[Opening Record set section]

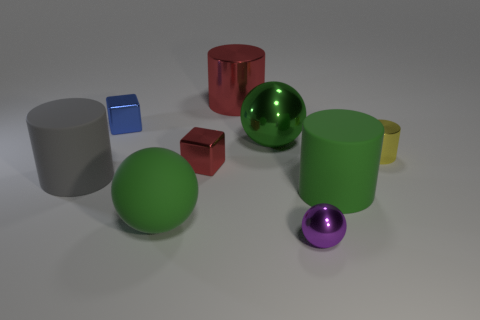How many green balls must be subtracted to get 1 green balls? 1 Subtract all cyan cubes. How many green balls are left? 2 Subtract 1 balls. How many balls are left? 2 Subtract all metal balls. How many balls are left? 1 Subtract all gray cylinders. How many cylinders are left? 3 Subtract all blue cylinders. Subtract all green cubes. How many cylinders are left? 4 Add 1 big cyan things. How many objects exist? 10 Subtract all spheres. How many objects are left? 6 Add 1 tiny purple metal spheres. How many tiny purple metal spheres exist? 2 Subtract 0 purple cylinders. How many objects are left? 9 
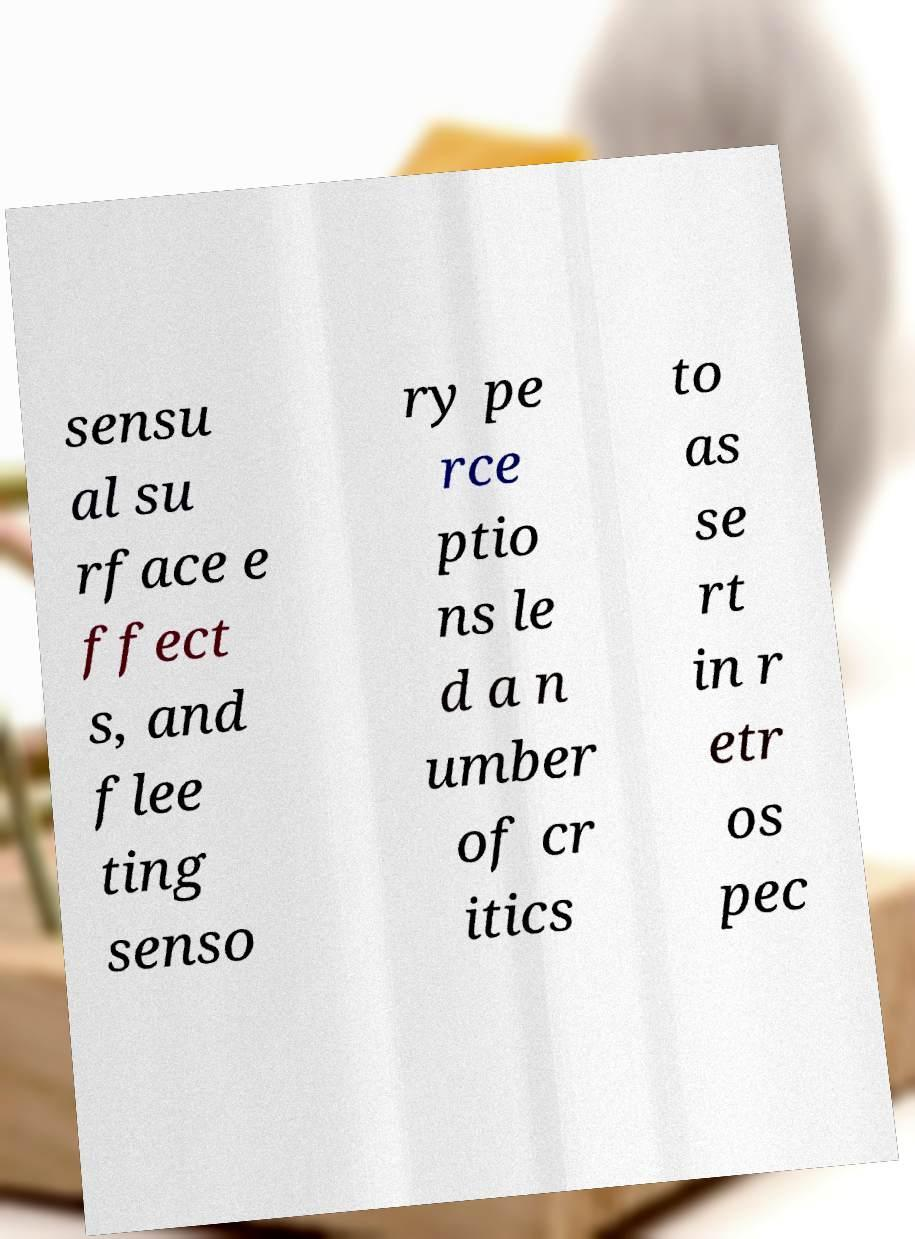Please identify and transcribe the text found in this image. sensu al su rface e ffect s, and flee ting senso ry pe rce ptio ns le d a n umber of cr itics to as se rt in r etr os pec 
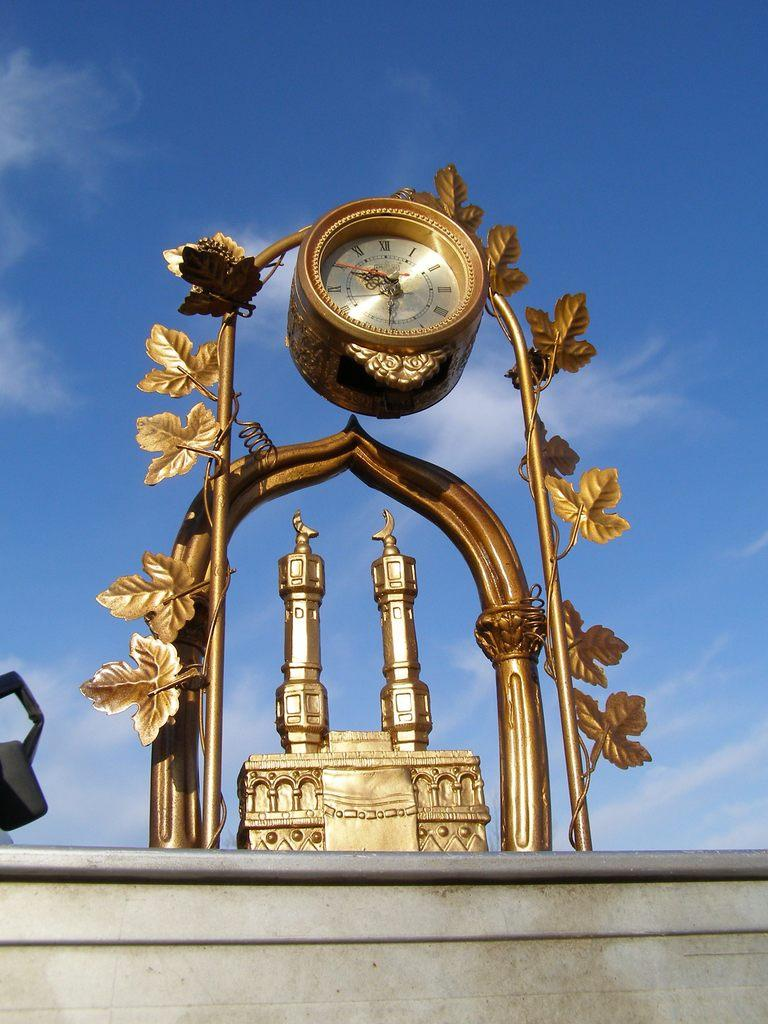What structure with a clock is present in the image? There is an arch with a clock in the image. What type of building is depicted in the image? The image depicts a mosque. What can be seen in the background of the image? There is sky visible in the background of the image, with clouds present. What is at the bottom of the image? There is a wall at the bottom of the image. What type of brass instrument is being played in the image? There is no brass instrument present in the image; it features an arch with a clock and a mosque. What type of lunch is being served in the image? There is no lunch depicted in the image; it focuses on the architectural elements of the mosque and the clock. 
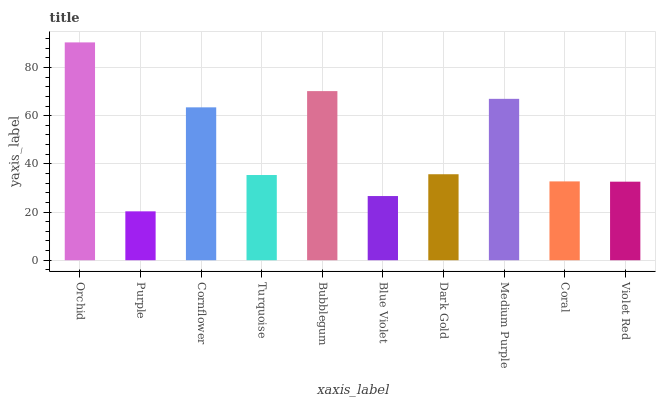Is Purple the minimum?
Answer yes or no. Yes. Is Orchid the maximum?
Answer yes or no. Yes. Is Cornflower the minimum?
Answer yes or no. No. Is Cornflower the maximum?
Answer yes or no. No. Is Cornflower greater than Purple?
Answer yes or no. Yes. Is Purple less than Cornflower?
Answer yes or no. Yes. Is Purple greater than Cornflower?
Answer yes or no. No. Is Cornflower less than Purple?
Answer yes or no. No. Is Dark Gold the high median?
Answer yes or no. Yes. Is Turquoise the low median?
Answer yes or no. Yes. Is Purple the high median?
Answer yes or no. No. Is Cornflower the low median?
Answer yes or no. No.

[Closing Record set section]

▸ **Exercise brief**:
Starting at the line above that contains "Answer yes or no. Yes. Is Orchid the maximum?", write out each line exactly until the line that contains "Answer yes or no. Yes. Is Turquoise" has been written, and stop there.

▸ **Completed exercise**:
Answer yes or no. Yes. Is Orchid the maximum?
Answer yes or no. Yes. Is Cornflower the minimum?
Answer yes or no. No. Is Cornflower the maximum?
Answer yes or no. No. Is Cornflower greater than Purple?
Answer yes or no. Yes. Is Purple less than Cornflower?
Answer yes or no. Yes. Is Purple greater than Cornflower?
Answer yes or no. No. Is Cornflower less than Purple?
Answer yes or no. No. Is Dark Gold the high median?
Answer yes or no. Yes. Is Turquoise the low median?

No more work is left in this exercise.